CNN to output percentage of 2 class


i'm a beginner in the argument. I have this problem: I have to classify the percentage of 2 class in each frame of a video. I created a small dataset with about 500 images (250 of each class), and a CNN with these layers:

model = tf.models.Sequential()
model.add(tf.layers.Conv2D(32, kernel_size=(3, 3), activation='relu',input_shape=(224,224,3)))
model.add(tf.layers.MaxPooling2D((2, 2)))
model.add(tf.layers.Conv2D(64, (3, 3), activation='relu'))
model.add(tf.layers.MaxPooling2D((2, 2)))
model.add(tf.layers.Conv2D(128, kernel_size=(3, 3), activation='relu'))
model.add(tf.layers.MaxPooling2D((2, 2)))
model.add(tf.layers.Conv2D(256, kernel_size=(3, 3), activation='relu'))
model.add(tf.layers.MaxPooling2D((2, 2)))
model.add(tf.layers.Flatten())
model.add(tf.layers.Dense(512, activation='relu'))
model.add(tf.layers.Dropout(0.2))
model.add(tf.layers.Dense(2,activation='sigmoid'))
model.summary()
model.compile(loss='binary_crossentropy', optimizer=tf.optimizers.Adam(learning_rate=0.00001), metrics=['accuracy'])
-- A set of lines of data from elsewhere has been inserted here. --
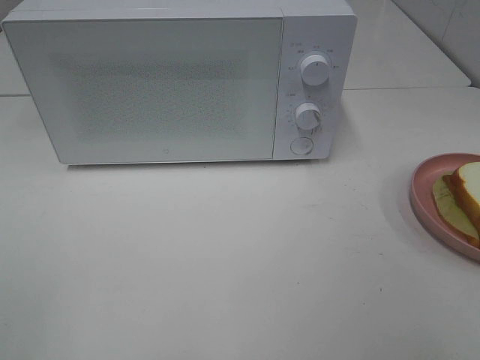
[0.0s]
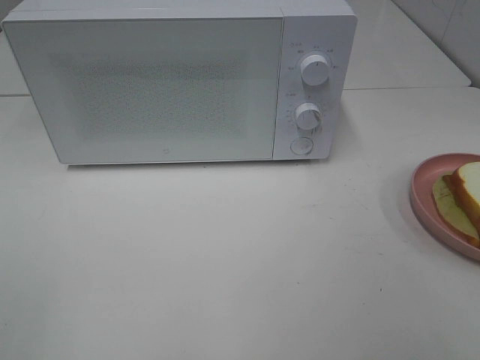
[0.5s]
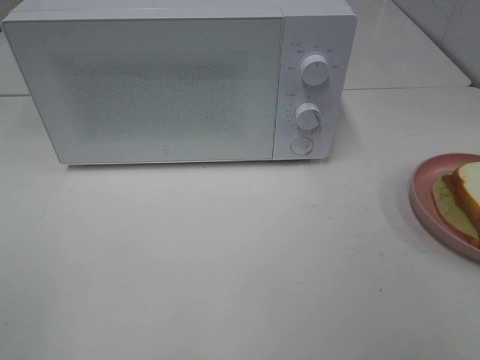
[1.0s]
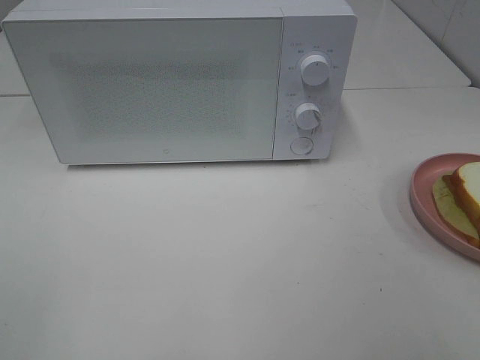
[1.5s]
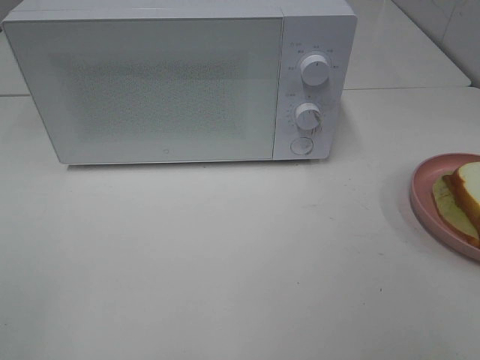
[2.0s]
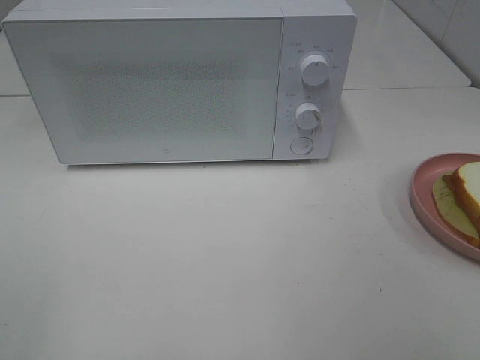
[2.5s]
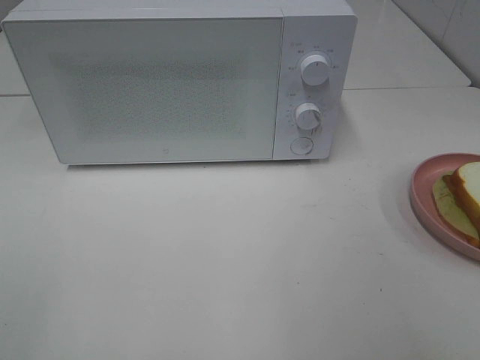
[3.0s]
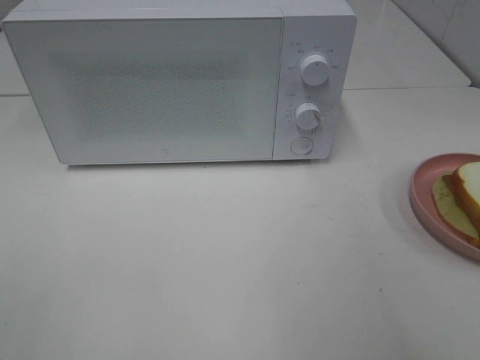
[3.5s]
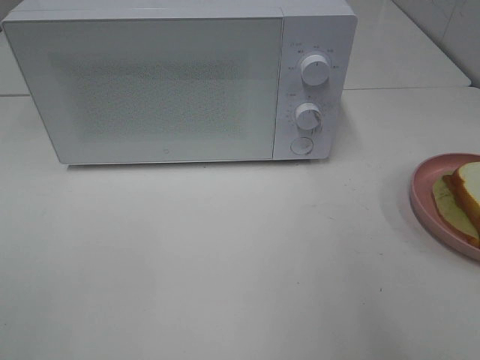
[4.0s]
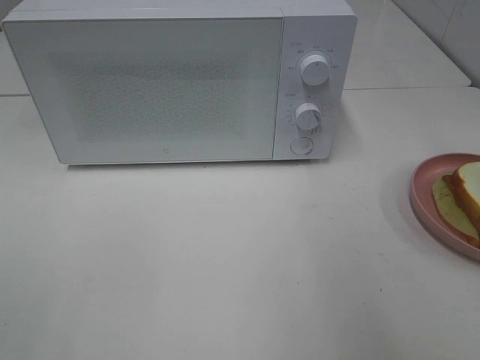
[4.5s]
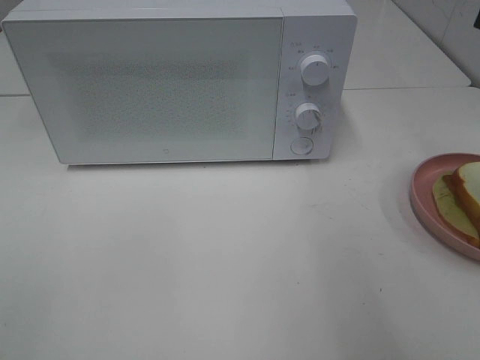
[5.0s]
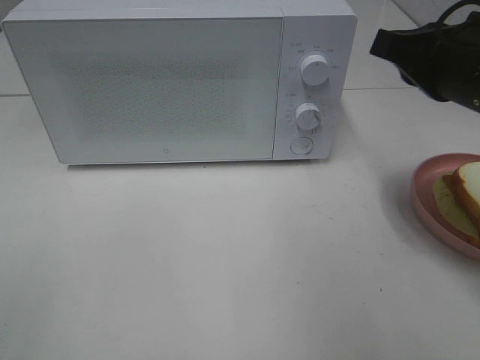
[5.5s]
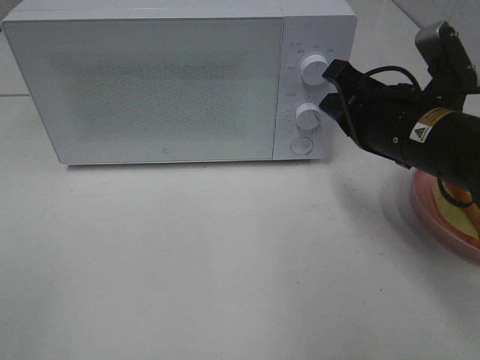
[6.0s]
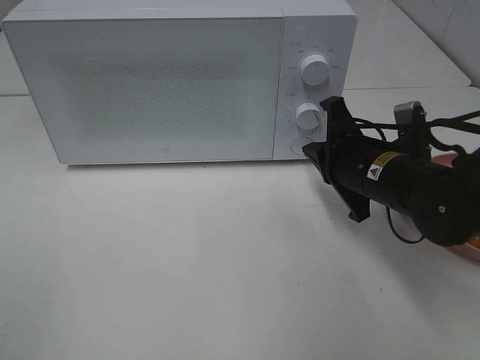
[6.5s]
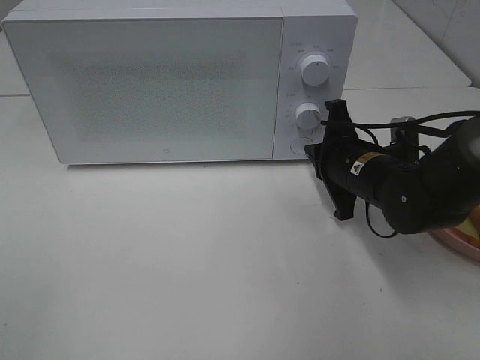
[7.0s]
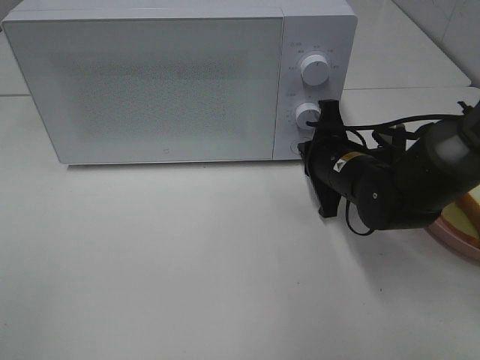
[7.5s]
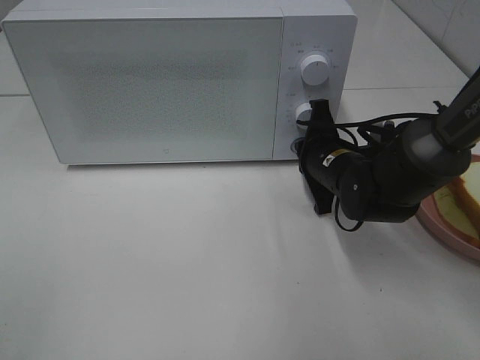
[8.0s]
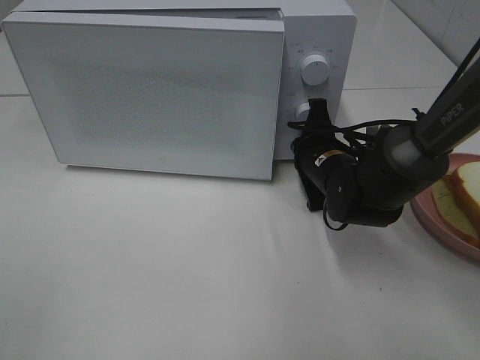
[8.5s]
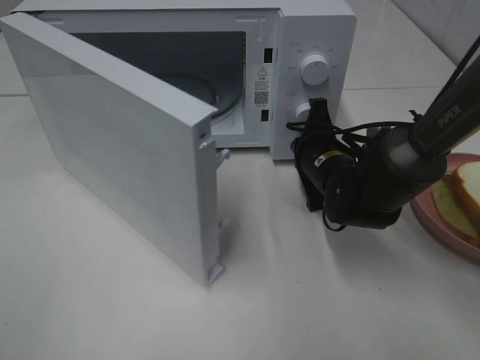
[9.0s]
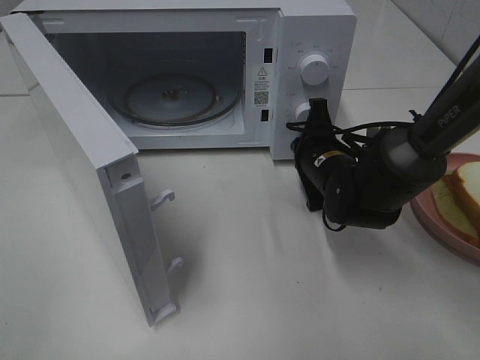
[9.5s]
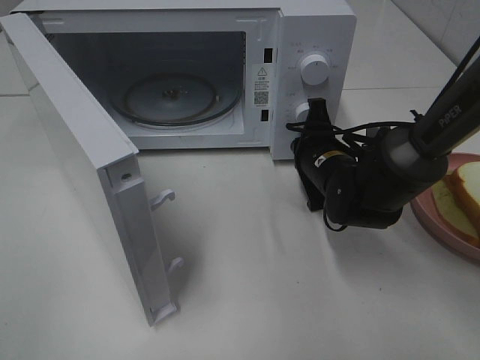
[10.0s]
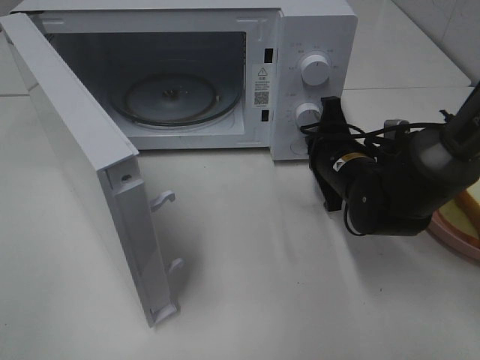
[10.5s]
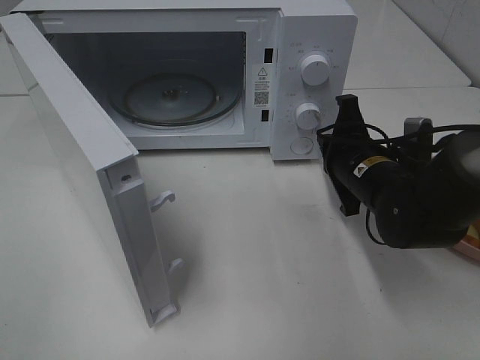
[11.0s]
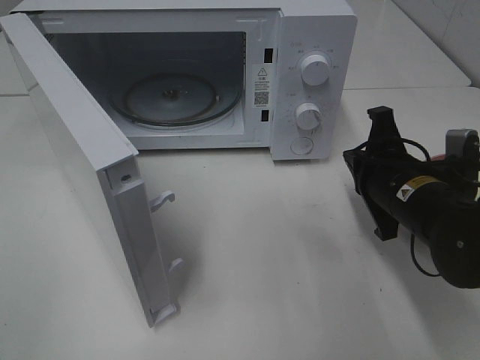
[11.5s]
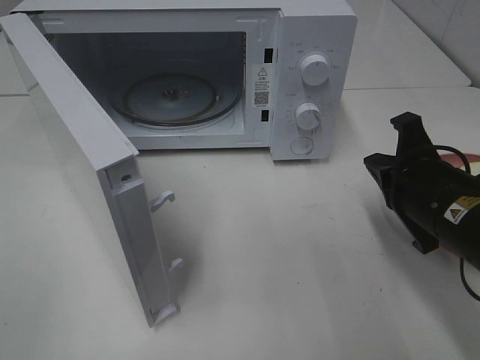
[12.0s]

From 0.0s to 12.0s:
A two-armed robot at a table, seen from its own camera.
Task of the whole recording: Heat Sandwich.
Step, from 0.0s to 10.5s: Right hand: press the switch.
From 0.0s to 2.0s: Both grippers stay put.
From 4.0s to 6.0s: The right gripper heads downward, forward and to the left, covering about 25 cm, and closes.
From 6.0s to 8.0s: The right gripper heads downward and forward, covering roughly 15 cm.
From 10.0s to 12.0s: The right gripper heads backward, to the right and upward, covering about 15 cm.

1)It's better for the problem use binary_crossentropy + sigmoid or binary_crossentropy + softmax?

2)Then it's better to use transfer learning/fine tuning or build CNN from scratch like this?

3)I'm using ImageDataGenerator for DataAugmentation because the small dataset, it's right?

4)Which values I can use for batch_size, steps_per_epochs,learning_rate...I noticed that the model accuracy goes early to 1.0 with val_accuracy, and in the predictions doesn't return the correct percentage of each class, but return values like [9.999e-1 4.444e-5]


Solution

    1. Since, yours is a binary classification, go with sigmoid. Softmax is for multi-class (>2).
    2. It is always better to use transfer learning. Go with VGG16, ResNet, Inception and others.
    3. Yes, in case of small datasets, data augmentation helps a lot.
    4. You need to use one neuron in the last layer rather than 2. Since, in one neuron, if value is greater than 0.5, it will be considered as class 1 otherwise 0. If you want to stick with two neurons, then, for getting your answer, you should take np.argmax of the prediction, in the example you have given, pred = [9.999e-1 4.444e-5], the predicted class is 0, as pred[0] > pred[1].